I am very new to Python and I am trying to scrape Twitter with the help of Selenium (see code below). I have a list of websites saved in an csv and the code I wrote should go through those websites one by one, scroll through them and scrape specific information on every website. All the infos should be ideally saved in a csv at the end. I was able to get the Selenium part of my code and the looping part of my code to work separately, but I cannot get them to work together. I want to save all scraped infos from all the websites (URLs) in a csv at the end, but I always end up with an empty csv at the end.
Can someone please help? I would really appreciate if someone could help me with my code below!
#Do imports
import csv
import time
import selenium
import pandas as pd
from selenium import webdriver
from selenium.webdriver.common.by import By
from selenium.webdriver.chrome.service import Service
from selenium.webdriver.support import expected_conditions as EC
from selenium.webdriver.support.ui import WebDriverWait as wait
from selenium.webdriver.common.action_chains import ActionChains
import time
driver = webdriver.Chrome(executable_path=r"/chromedriver")
tweets = []
with open('BKQuotedTweetsURL.csv', 'rt') as BK_csv:
BK_url = csv.reader(BK_csv)
for row in BK_url:
links = row[0]
tweets.append(links)
#link should be something like "https://.com"
for link in tweets:
driver.get(link)
time.sleep(10)
# Get scroll height after first time page load
last_height = driver.execute_script("return document.body.scrollHeight")
last_elem=''
current_elem=''
while True:
# Scroll down to bottom
driver.execute_script("window.scrollTo(0, document.body.scrollHeight);")
# Wait to load page
time.sleep(5)
# Calculate new scroll height and compare with last scroll height
new_height = driver.execute_script("return document.body.scrollHeight")

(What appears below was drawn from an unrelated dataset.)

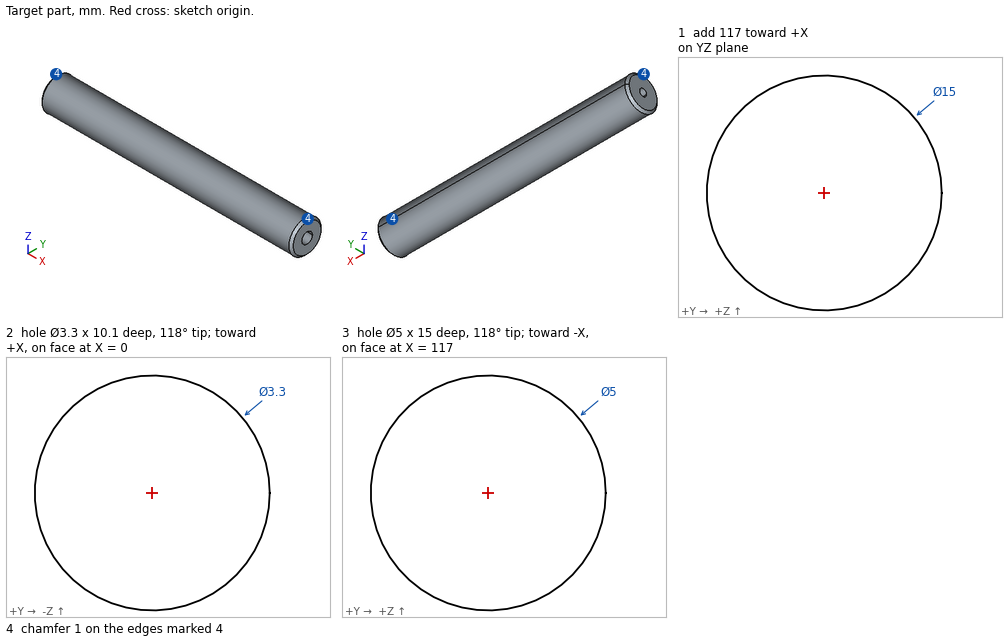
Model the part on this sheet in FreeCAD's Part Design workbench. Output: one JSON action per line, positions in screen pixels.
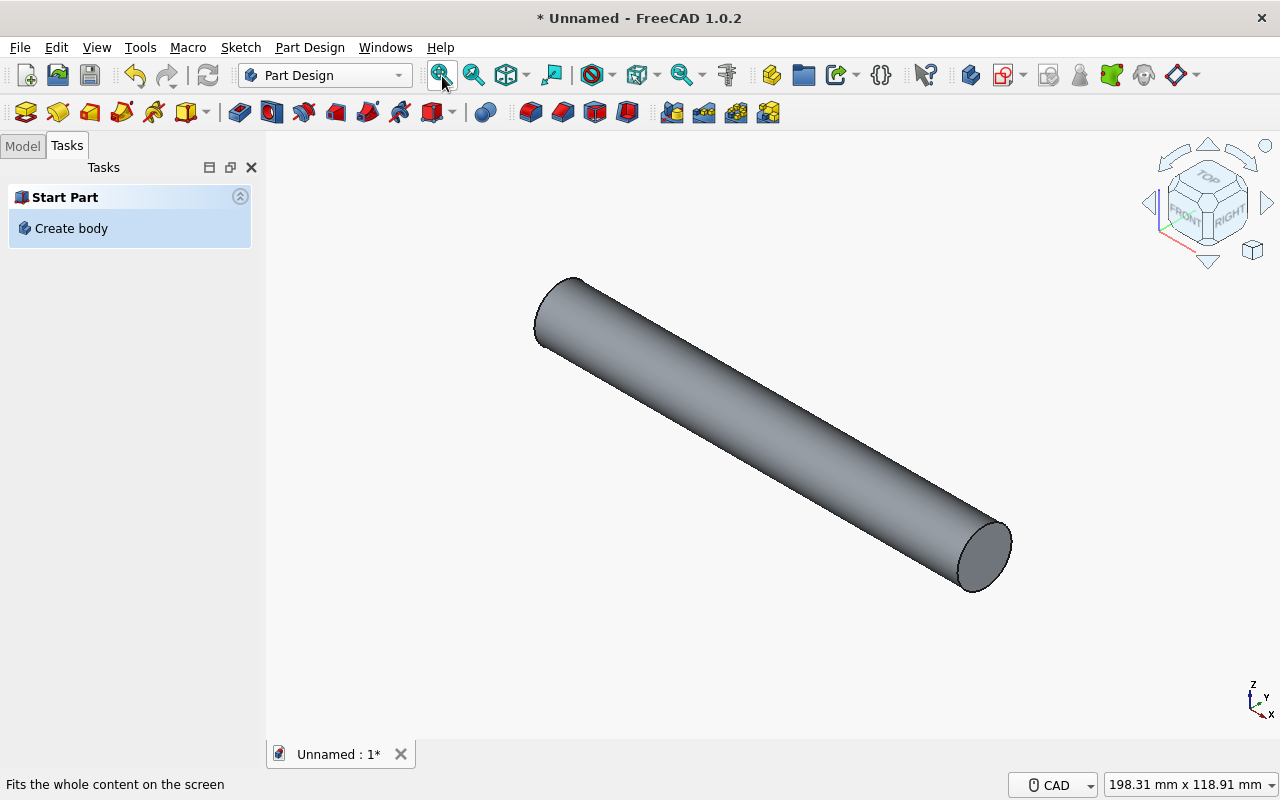
{"action": "left_click", "coordinate": [985, 556]}

if new_height == last_height:
break
last_height = new_height
#update all_tweets to keep loop
all_tweets = driver.find_elements(By.XPATH, '//div[@data-testid]//article[@data-testid="tweet"]')
for item in all_tweets[1:]: # skip tweet already scrapped
print('--- date ---')
try:
date = item.find_element(By.XPATH, './/time').text
except:
date = '[empty]'
print(date)
print('--- text ---')
try:
text = item.find_element(By.XPATH, './/div[@data-testid="tweetText"]').text
except:
text = '[empty]'
print(text)
print('--- replying_to ---')
try:
replying_to = item.find_element(By.XPATH, './/div[contains(text(), "Replying to")]//a').text
except:
replying_to = '[empty]'
print(replying_to)
#Append new tweets replies to tweet array
tweets.append([replying_to, text, date])
if (last_elem == current_elem):
result = True
else:
last_elem = current_elem
df = pd.DataFrame(tweets, columns=['Replying to', 'Tweet', 'Date of Tweet'])
df.to_csv(r'BKURLListComm.csv', index=False, encoding='utf-8') #save a csv file in the downloads folder, change it to your structure and desired folder
I think something might be wrong with the looping but I am not sure, since I tried a lot of different things I found on other websites and questions, but nothing helped.